My mission at Preparental

My mission is to create fearless future parents.


I want to reduce the fear, anxiety and mystery that surrounds parenthood for a lot of future parents.

There’s a knowledge gap between parents and non-parents, which makes it hard to understand exactly what the impact of parenthood will be on your life, before it happens to you.

I believe the decision to have a child should be more intentional and purposeful, for the sake of both parents and children. Too many people drift into it without really thinking.

I care about parents, and I want to make parenthood easier and more enjoyable for them. Parenthood is hard on parents, and it pays to “do the work” before you become a parent when you have more time and energy to set yourself up for success.

I also care about children. I want to make outcomes better for them. If their parents are well-prepared, with their own needs are met, they can focus more on their children’s needs and be ‘better parents’.

(I’m not subscribing to the view that parents need to be perfect, or sacrifice everything for their kids, but as a parent of children who had a very poor start to life, I know how important ‘good enough’ parenting in the early years is for children).

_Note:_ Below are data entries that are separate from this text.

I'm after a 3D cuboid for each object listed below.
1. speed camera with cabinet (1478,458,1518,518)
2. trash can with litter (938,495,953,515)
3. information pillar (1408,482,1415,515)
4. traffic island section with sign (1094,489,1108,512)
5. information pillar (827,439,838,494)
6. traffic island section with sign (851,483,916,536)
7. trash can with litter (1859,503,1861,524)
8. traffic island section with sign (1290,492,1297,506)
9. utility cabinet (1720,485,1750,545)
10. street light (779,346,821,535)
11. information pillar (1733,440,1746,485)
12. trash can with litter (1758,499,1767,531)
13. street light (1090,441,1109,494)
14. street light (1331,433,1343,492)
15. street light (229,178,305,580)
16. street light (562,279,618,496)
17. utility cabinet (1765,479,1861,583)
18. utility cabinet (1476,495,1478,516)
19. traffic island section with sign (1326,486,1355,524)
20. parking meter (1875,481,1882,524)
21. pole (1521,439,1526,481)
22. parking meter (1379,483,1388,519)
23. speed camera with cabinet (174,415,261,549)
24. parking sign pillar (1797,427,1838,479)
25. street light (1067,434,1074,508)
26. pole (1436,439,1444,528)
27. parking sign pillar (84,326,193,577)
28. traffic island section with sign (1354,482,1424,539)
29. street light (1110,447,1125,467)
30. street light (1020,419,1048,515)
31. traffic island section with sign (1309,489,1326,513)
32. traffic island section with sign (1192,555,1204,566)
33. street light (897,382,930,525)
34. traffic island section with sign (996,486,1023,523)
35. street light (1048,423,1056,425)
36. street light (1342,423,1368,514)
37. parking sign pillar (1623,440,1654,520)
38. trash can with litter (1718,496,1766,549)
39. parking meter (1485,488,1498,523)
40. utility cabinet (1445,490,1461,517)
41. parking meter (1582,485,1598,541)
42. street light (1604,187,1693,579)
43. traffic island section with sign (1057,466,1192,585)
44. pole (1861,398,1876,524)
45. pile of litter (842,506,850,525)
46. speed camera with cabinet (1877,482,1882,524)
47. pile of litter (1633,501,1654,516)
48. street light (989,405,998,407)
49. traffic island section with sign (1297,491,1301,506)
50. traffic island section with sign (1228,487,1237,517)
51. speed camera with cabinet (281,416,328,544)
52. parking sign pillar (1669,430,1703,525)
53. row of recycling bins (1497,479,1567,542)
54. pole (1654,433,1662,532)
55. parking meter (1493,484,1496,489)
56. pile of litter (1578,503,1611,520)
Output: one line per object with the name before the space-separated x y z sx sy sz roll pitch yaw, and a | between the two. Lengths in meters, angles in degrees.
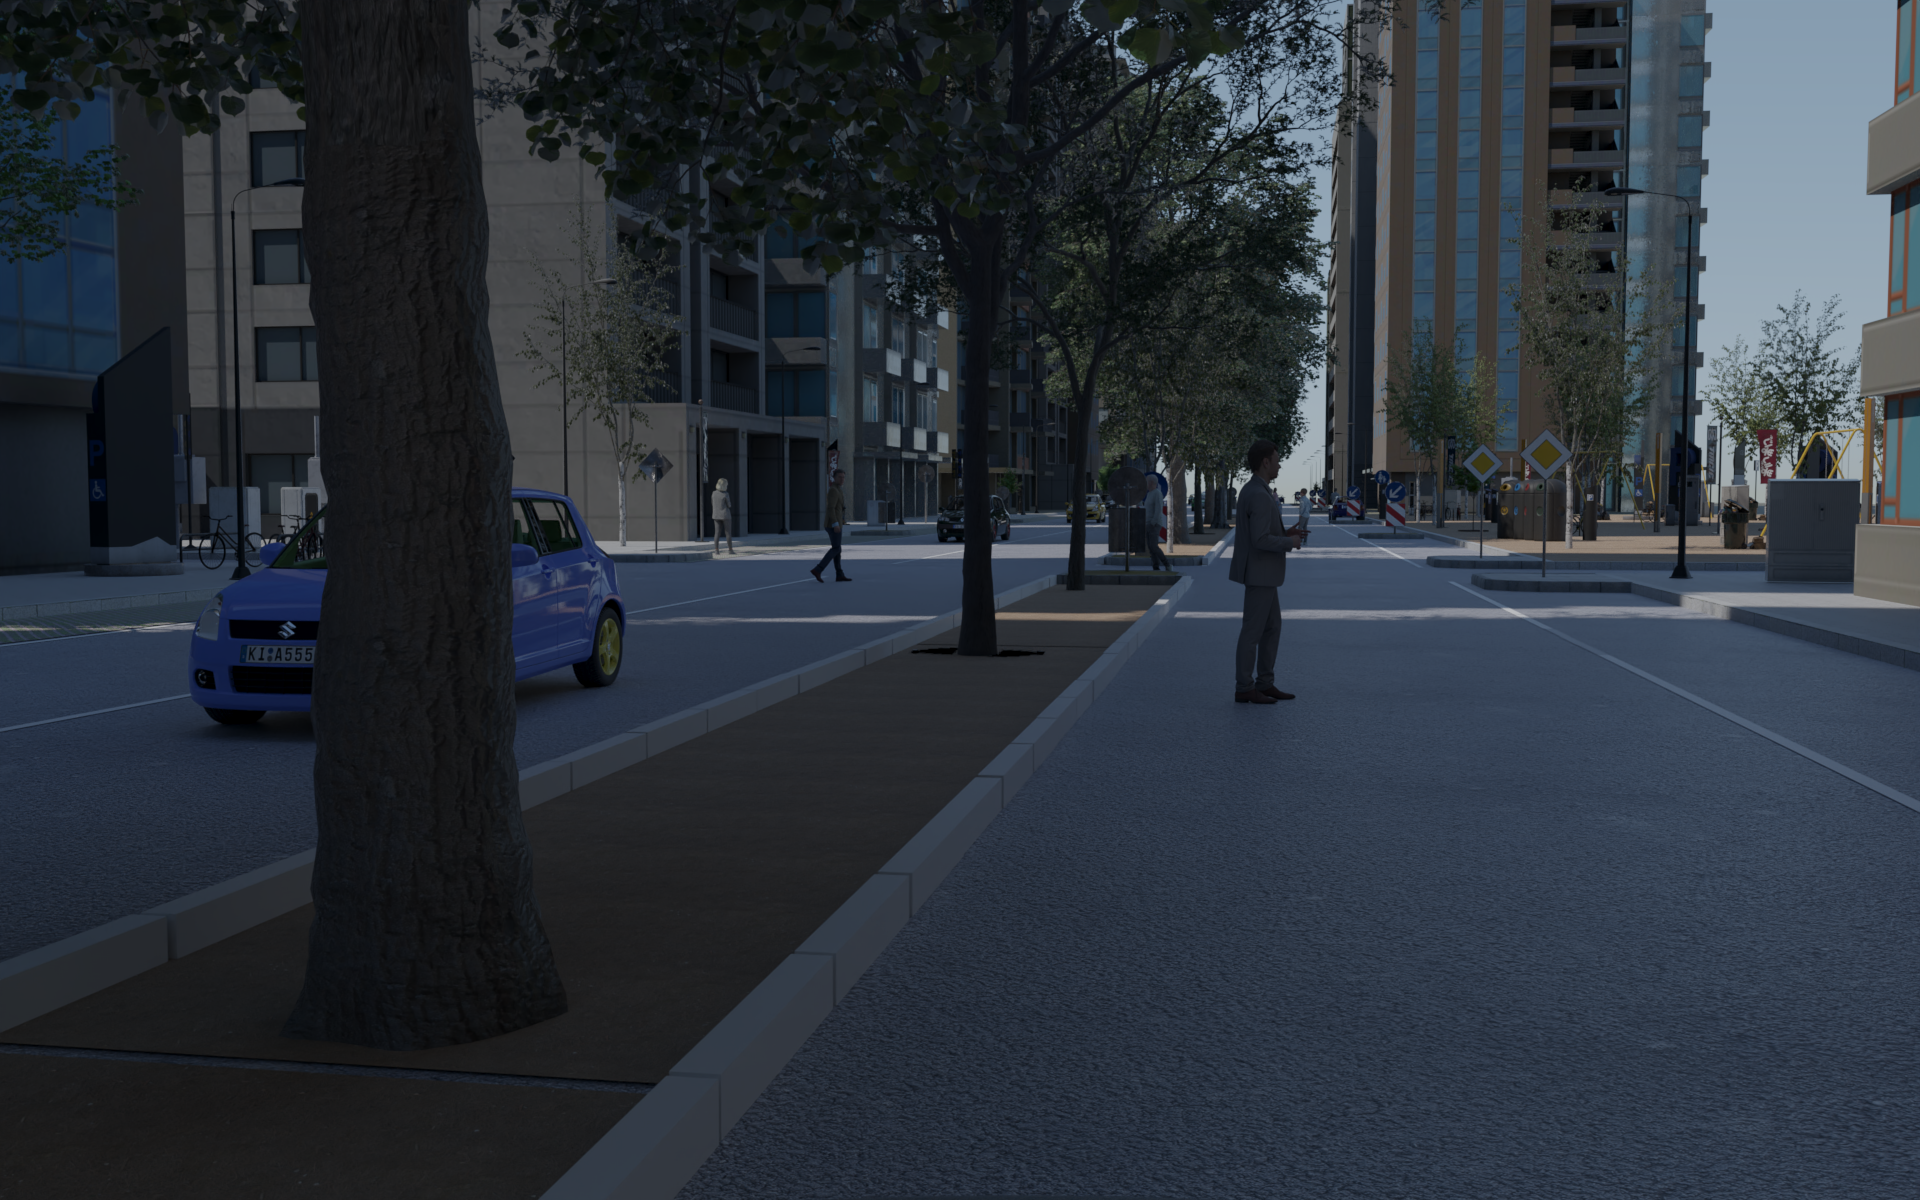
speed camera with cabinet | 29.305 -6.120 94.397 0.660 3.252 2.038 -3 5 -45
trash can with litter | -0.657 -5.958 108.475 1.678 1.210 2.233 -2 4 -24
information pillar | 27.099 -6.083 103.947 0.304 2.012 0.304 0 4 7
traffic island section with sign | 10.902 -7.783 135.885 1.989 1.847 2.006 1 4 10
information pillar | -5.368 -5.006 73.210 0.504 3.616 0.183 1 4 15
traffic island section with sign | -2.600 -3.145 60.043 1.989 1.847 2.006 1 4 10
trash can with litter | 27.403 -2.554 53.147 1.055 1.170 0.624 -3 5 -40
traffic island section with sign | 41.929 -12.517 213.277 1.989 1.847 2.006 1 4 10
utility cabinet | 19.008 -2.071 42.535 0.318 1.500 1.173 0 4 7
street light | -5.063 -5.027 54.730 1.470 5.913 1.316 1 4 10
information pillar | 33.675 -5.107 74.848 0.504 3.616 0.183 -1 4 -8
trash can with litter | 28.684 -2.999 60.086 2.233 1.210 1.678 0 4 3
street light | 11.773 -10.770 148.630 1.470 5.913 1.316 1 4 10
street light | 28.991 -9.682 130.844 1.470 5.913 1.316 1 4 10
street light | -10.232 -3.251 25.687 1.470 5.913 1.316 1 4 10
street light | -8.070 -3.979 37.596 1.470 5.913 1.316 1 4 10
utility cabinet | 12.283 -0.996 24.957 1.173 1.500 0.318 1 4 18
utility cabinet | 30.982 -5.642 103.405 0.306 1.237 1.020 1 4 11
traffic island section with sign | 18.773 -4.568 83.310 1.989 1.847 2.006 1 4 10
parking meter | 17.785 -1.519 33.254 0.372 1.533 0.369 0 3 0
pole | 20.941 -4.316 64.406 0.158 3.312 0.155 0 3 0
parking meter | 21.643 -5.071 88.619 0.399 1.863 0.255 0 4 -3
speed camera with cabinet | -17.506 -2.831 40.618 2.038 3.252 0.660 1 4 9
parking sign pillar | 33.702 -4.916 68.854 1.447 3.967 1.447 -3 5 -45
street light | 8.725 -9.722 131.503 1.470 5.913 1.316 1 4 10
pole | 17.931 -4.333 64.682 0.158 3.312 0.155 0 3 0
parking sign pillar | -13.121 -2.382 27.419 1.447 3.967 1.447 2 4 23
traffic island section with sign | 13.921 -2.899 56.024 1.989 1.847 2.006 1 4 10
street light | 14.821 -11.836 166.055 1.470 5.913 1.316 1 4 10
street light | 4.466 -8.252 107.463 1.470 5.913 1.316 1 4 10
traffic island section with sign | 27.611 -7.603 132.932 1.989 1.847 2.006 1 4 10
traffic island section with sign | 3.965 -1.665 35.355 2.006 1.907 1.989 1 4 10
street light | -1.929 -6.089 72.091 1.470 5.913 1.316 1 4 10
traffic island section with sign | 2.122 -4.768 86.583 1.989 1.847 2.006 1 4 10
street light | 5.578 -8.623 113.528 1.470 5.913 1.316 1 4 10
street light | 26.025 -8.618 113.440 1.470 5.913 1.316 1 4 10
parking sign pillar | 33.712 -5.964 85.981 1.447 3.967 1.447 1 4 21
trash can with litter | 18.309 -1.775 40.405 1.055 1.170 0.624 0 4 3
parking meter | 25.666 -4.624 84.021 0.372 1.533 0.369 0 3 0
utility cabinet | 26.882 -5.262 94.708 0.318 1.500 1.173 -2 4 -25
parking meter | 17.370 -2.405 47.740 0.372 1.533 0.369 0 3 0
street light | 10.456 -3.289 26.311 1.470 5.913 1.316 1 4 10
traffic island section with sign | 2.656 -1.219 28.064 2.006 1.907 1.989 1 4 10
pole | 19.360 -2.635 36.931 0.158 3.312 0.155 0 3 0
pile of litter | -5.191 -3.554 72.067 1.176 0.858 1.719 -1 4 -15
speed camera with cabinet | 13.217 -1.764 23.175 0.660 3.252 2.038 -1 4 -9
pile of litter | 40.828 -5.424 102.642 1.176 0.858 1.719 -3 5 -43
street light | 1.294 -7.206 90.358 1.470 5.913 1.316 1 4 10
traffic island section with sign | 32.385 -9.237 159.659 1.989 1.847 2.006 1 4 10
traffic island section with sign | 17.135 -6.190 109.335 2.006 1.907 1.989 1 4 10
speed camera with cabinet | -16.188 -2.991 43.237 0.660 3.252 2.038 0 4 7
parking sign pillar | 30.164 -5.111 72.043 1.447 3.967 1.447 -2 4 -26
row of recycling bins | 15.988 -2.519 48.303 1.069 1.692 3.534 0 4 -3
pole | 23.343 -3.919 57.917 0.158 3.312 0.155 0 3 0
parking meter | 32.361 -6.084 105.179 0.255 1.863 0.399 2 4 25
pile of litter | 31.067 -4.329 84.742 1.719 0.858 1.176 0 4 5

I don’t think there’s enough of a culture of reflection on parenthood by non-parents. It’s almost a taboo subject in the workplace, and even in the family and among friends. I want to normalise talking about and planning for parenthood before it happens.

Finally, it surprises many parents how hard it is to achieve gender equality in parenthood. Those who have been used to being treated equally before they become parents, suddenly find that equality and parenthood don’t go together. Planning can help to rectify this, enabling parents to share parenthood more equally – and this benefits everyone.